Records excerpted from a collection:
————
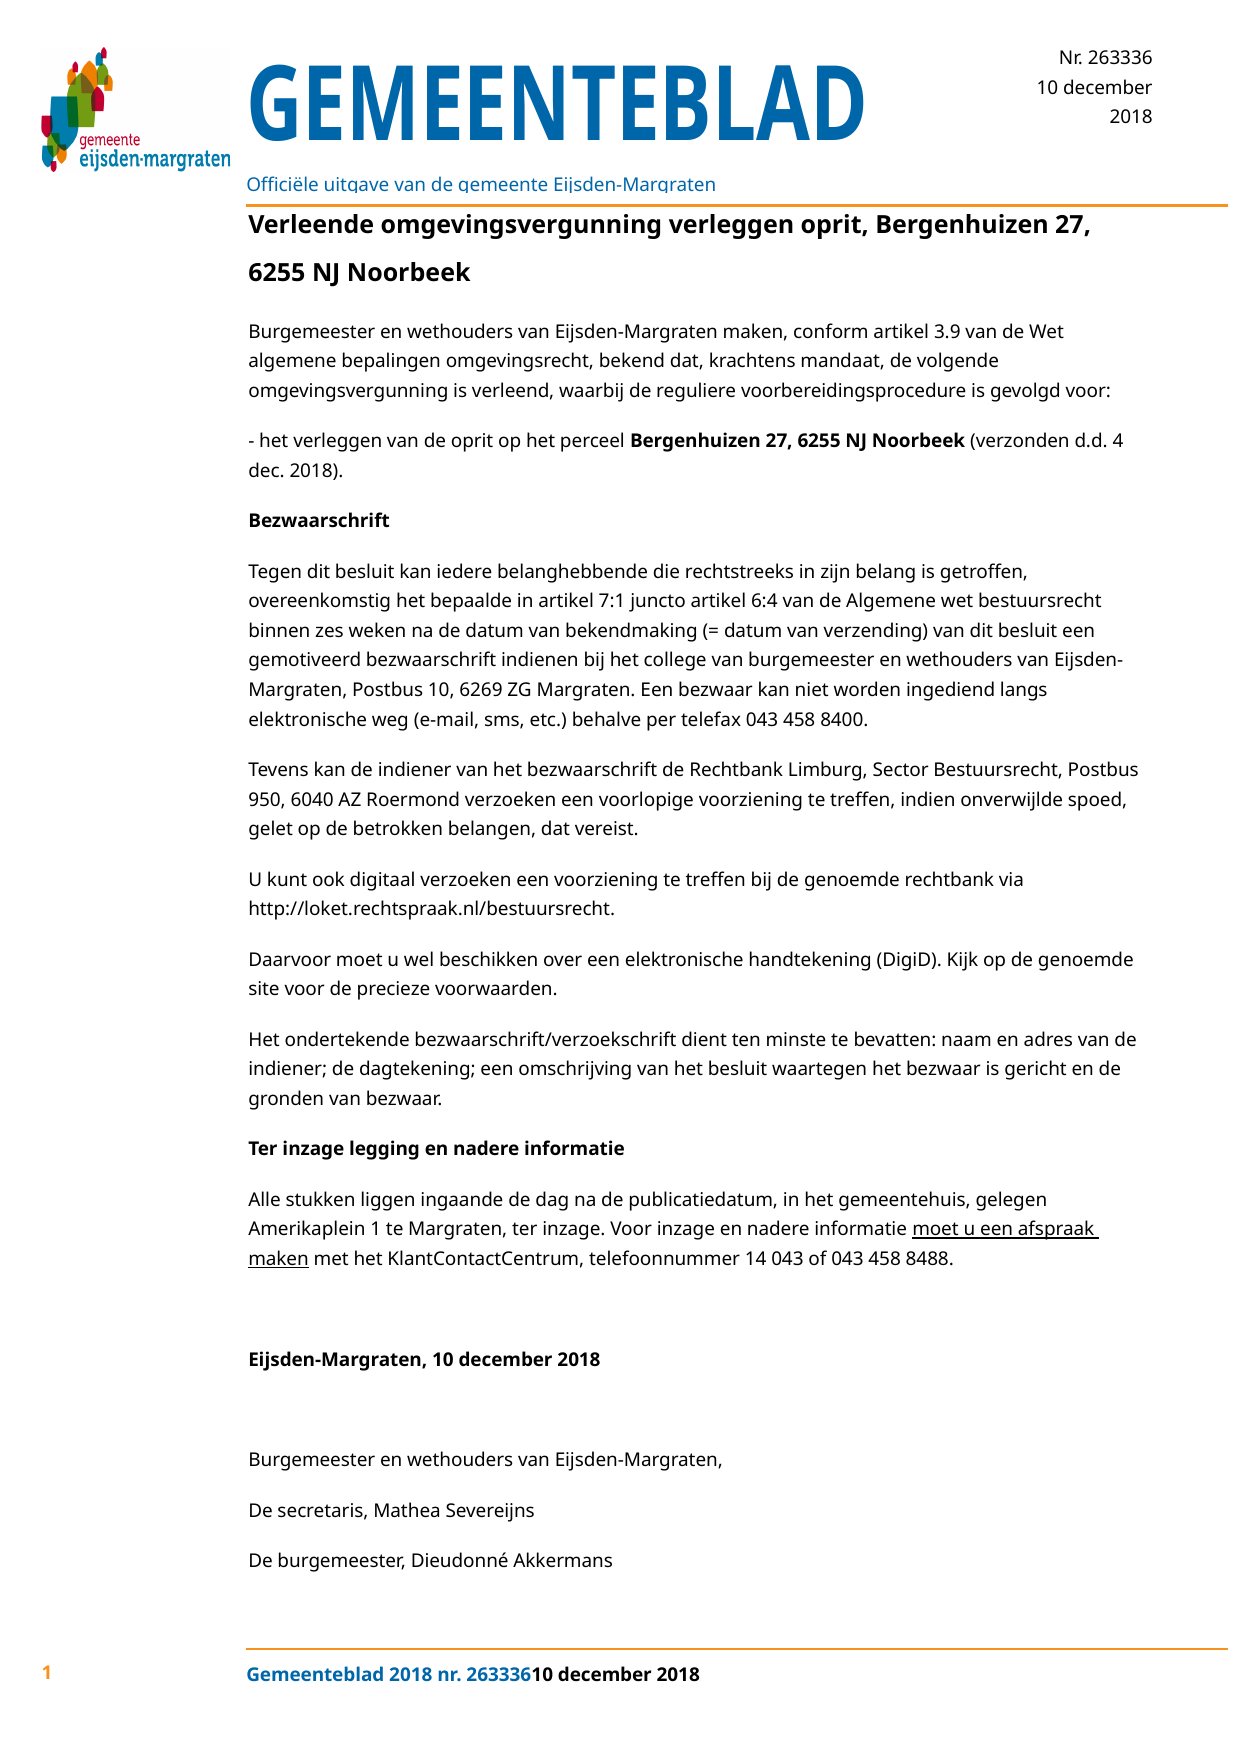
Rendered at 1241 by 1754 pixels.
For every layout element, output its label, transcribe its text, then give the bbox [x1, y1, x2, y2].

text Tevens kan de indiener van het bezwaarschrift de Rechtbank Limburg, Sector Bestuursrecht, Postbus 950, 6040 AZ Roermond verzoeken een voorlopige voorziening te treffen, indien onverwijlde spoed, gelet op de betrokken belangen, dat vereist. [248, 756, 1152, 841]
text Ter inzage legging en nadere informatie [248, 1135, 1152, 1161]
text Burgemeester en wethouders van Eijsden-Margraten maken, conform artikel 3.9 van de Wet algemene bepalingen omgevingsrecht, bekend dat, krachtens mandaat, de volgende omgevingsvergunning is verleend, waarbij de reguliere voorbereidingsprocedure is gevolgd voor: [248, 318, 1152, 403]
text - het verleggen van de oprit op het perceel Bergenhuizen 27, 6255 NJ Noorbeek (verzonden d.d. 4 dec. 2018). [248, 427, 1152, 483]
text Eijsden-Margraten, 10 december 2018 [248, 1346, 1152, 1372]
text Verleende omgevingsvergunning verleggen oprit, Bergenhuizen 27, 6255 NJ Noorbeek [248, 207, 1152, 288]
text De burgemeester, Dieudonné Akkermans [248, 1547, 1152, 1573]
text Alle stukken liggen ingaande de dag na de publicatiedatum, in het gemeentehuis, gelegen Amerikaplein 1 te Margraten, ter inzage. Voor inzage en nadere informatie moet u een afspraak maken met het KlantContactCentrum, telefoonnummer 14 043 of 043 458 8488. [248, 1186, 1152, 1271]
text U kunt ook digitaal verzoeken een voorziening te treffen bij de genoemde rechtbank via http://loket.rechtspraak.nl/bestuursrecht. [248, 866, 1152, 921]
picture [41, 47, 231, 172]
text Bezwaarschrift [248, 507, 1152, 533]
text Het ondertekende bezwaarschrift/verzoekschrift dient ten minste te bevatten: naam en adres van de indiener; de dagtekening; een omschrijving van het besluit waartegen het bezwaar is gericht en de gronden van bezwaar. [248, 1026, 1152, 1111]
text De secretaris, Mathea Severeijns [248, 1497, 1152, 1523]
text Burgemeester en wethouders van Eijsden-Margraten, [248, 1447, 1152, 1472]
text Tegen dit besluit kan iedere belanghebbende die rechtstreeks in zijn belang is getroffen, overeenkomstig het bepaalde in artikel 7:1 juncto artikel 6:4 van de Algemene wet bestuursrecht binnen zes weken na de datum van bekendmaking (= datum van verzending) van dit besluit een gemotiveerd bezwaarschrift indienen bij het college van burgemeester en wethouders van Eijsden-Margraten, Postbus 10, 6269 ZG Margraten. Een bezwaar kan niet worden ingediend langs elektronische weg (e-mail, sms, etc.) behalve per telefax 043 458 8400. [248, 558, 1152, 732]
text Daarvoor moet u wel beschikken over een elektronische handtekening (DigiD). Kijk op de genoemde site voor de precieze voorwaarden. [248, 946, 1152, 1001]
————
▸ Task requirements
Once the pictures are removed, output the entries above exactly as given.

▸ Solved problem
Rendered at 1241 by 1754 pixels.
For every layout element, output its label, transcribe its text, then give the bbox [x1, y1, x2, y2].

text Tevens kan de indiener van het bezwaarschrift de Rechtbank Limburg, Sector Bestuursrecht, Postbus 950, 6040 AZ Roermond verzoeken een voorlopige voorziening te treffen, indien onverwijlde spoed, gelet op de betrokken belangen, dat vereist. [248, 756, 1152, 841]
text Ter inzage legging en nadere informatie [248, 1135, 1152, 1161]
text Burgemeester en wethouders van Eijsden-Margraten maken, conform artikel 3.9 van de Wet algemene bepalingen omgevingsrecht, bekend dat, krachtens mandaat, de volgende omgevingsvergunning is verleend, waarbij de reguliere voorbereidingsprocedure is gevolgd voor: [248, 318, 1152, 403]
text - het verleggen van de oprit op het perceel Bergenhuizen 27, 6255 NJ Noorbeek (verzonden d.d. 4 dec. 2018). [248, 427, 1152, 483]
text Eijsden-Margraten, 10 december 2018 [248, 1346, 1152, 1372]
text Verleende omgevingsvergunning verleggen oprit, Bergenhuizen 27, 6255 NJ Noorbeek [248, 207, 1152, 288]
text De burgemeester, Dieudonné Akkermans [248, 1547, 1152, 1573]
text Alle stukken liggen ingaande de dag na de publicatiedatum, in het gemeentehuis, gelegen Amerikaplein 1 te Margraten, ter inzage. Voor inzage en nadere informatie moet u een afspraak maken met het KlantContactCentrum, telefoonnummer 14 043 of 043 458 8488. [248, 1186, 1152, 1271]
text U kunt ook digitaal verzoeken een voorziening te treffen bij de genoemde rechtbank via http://loket.rechtspraak.nl/bestuursrecht. [248, 866, 1152, 921]
picture [41, 47, 231, 172]
text Bezwaarschrift [248, 507, 1152, 533]
text Het ondertekende bezwaarschrift/verzoekschrift dient ten minste te bevatten: naam en adres van de indiener; de dagtekening; een omschrijving van het besluit waartegen het bezwaar is gericht en de gronden van bezwaar. [248, 1026, 1152, 1111]
text De secretaris, Mathea Severeijns [248, 1497, 1152, 1523]
text Burgemeester en wethouders van Eijsden-Margraten, [248, 1447, 1152, 1472]
text Tegen dit besluit kan iedere belanghebbende die rechtstreeks in zijn belang is getroffen, overeenkomstig het bepaalde in artikel 7:1 juncto artikel 6:4 van de Algemene wet bestuursrecht binnen zes weken na de datum van bekendmaking (= datum van verzending) van dit besluit een gemotiveerd bezwaarschrift indienen bij het college van burgemeester en wethouders van Eijsden-Margraten, Postbus 10, 6269 ZG Margraten. Een bezwaar kan niet worden ingediend langs elektronische weg (e-mail, sms, etc.) behalve per telefax 043 458 8400. [248, 558, 1152, 732]
text Daarvoor moet u wel beschikken over een elektronische handtekening (DigiD). Kijk op de genoemde site voor de precieze voorwaarden. [248, 946, 1152, 1001]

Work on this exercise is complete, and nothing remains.